Available certifications
As Security Engineers work in a variety of industries, there are many institutions that offer certifications, including:
- Security+. This entry-level certification provided by CompTIA demonstrates the holder’s ability to perform basic skills such as monitoring and securing typical business environments and have a general understanding of the laws and regulations in order to maintain risk compliance. You’ll be taught to recognize incidents that require attention and how to respond to security threats. This certification is an excellent first step into the cybersecurity world.
- CISSP. The Certified Information Systems Security Professional is highly prized among IT professionals.
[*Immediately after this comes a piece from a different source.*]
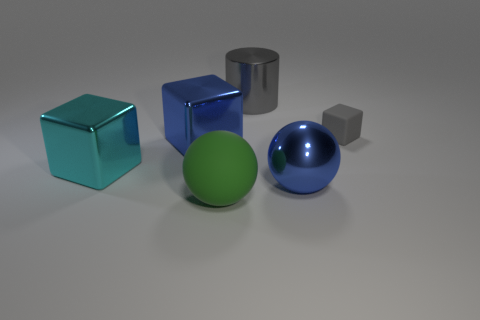Subtract all big blocks. How many blocks are left? 1 Add 2 large blue shiny objects. How many objects exist? 8 Subtract all balls. How many objects are left? 4 Subtract 0 cyan cylinders. How many objects are left? 6 Subtract all blue shiny balls. Subtract all tiny rubber blocks. How many objects are left? 4 Add 3 metallic cylinders. How many metallic cylinders are left? 4 Add 5 large purple spheres. How many large purple spheres exist? 5

By obtaining this certification, you’ll prove you’re highly capable of advanced-level planning, implementation, and monitoring of network security.
- CISM. The Certified Information Security Manager demonstrates you’re more than capable of handling the senior management side of an information security operation. If you’re looking to learn how to develop programs and master the art of risk management, especially if you’re looking to move to a management position, look no farther than the CISM.
- CISA. By obtaining the Certified Information Systems Auditor credentials, you’ll demonstrate your ability to assess and prevent security vulnerabilities. You’ll understand how to design and implement security controls and systems while reporting and documenting compliance and risk assessments. This is a fantastic addition to your resume to bolster confidence in any hiring team looking.
Career path
The journey to becoming a Security Engineer begins by earning a bachelor’s degree in computer science, engineering, cyber security, or some related field.
After obtaining a degree, it’s a great idea to become fluent in some programming languages and familiarize yourself with the common toolsets and systems used for forensic cybersecurity.
Getting a junior position as an analyst or engineer will get you an excellent position to gather experience while learning more about the ins and outs of the field.
US, Bureau of Labor Statistics’ job outlook
SOC Code: 15-1212
| 2020 Employment | 141,200 |
| Projected Employment in 2030 | 188,300 |
| Projected 2020-2030 Percentage Shift | 33% increase |
| Projected 2020-2030 Numeric Shift | 47,100 increase |
Position trends
In the digital age, it makes more and more sense for criminals to hit companies where it’s most critical, in their digital infrastructure. Stealing information, or gaining access to critical systems is far more lucrative and damaging than people realize, and it’s far safer and more reliable than mounting any sort of attempts in the real world.
For every would-be criminal that tries to hack, phish, scam, or otherwise infiltrate vital business systems, companies are more than willing to hire teams of well-rounded experts to keep their data and operations safe.
For this reason, you’ll continue to see a massive increase in the need for these types of positions well into the future.
Sample interview questions
- What are the most common vulnerabilities you see in network security?
- What is port scanning?
- Can you explain the CIA triad?
- What’s the difference between IDS and IPS?
- What’s the purpose of a firewall?
- Would you consider yourself an excellent communicator?
- What programming languages do you know?
- What does WAF stand for and what does it mean?
- What does XSS stand for and what does it mean?
- Can you name the 7 layers of the OSI model?
- How would you identify and prevent a brute force attack?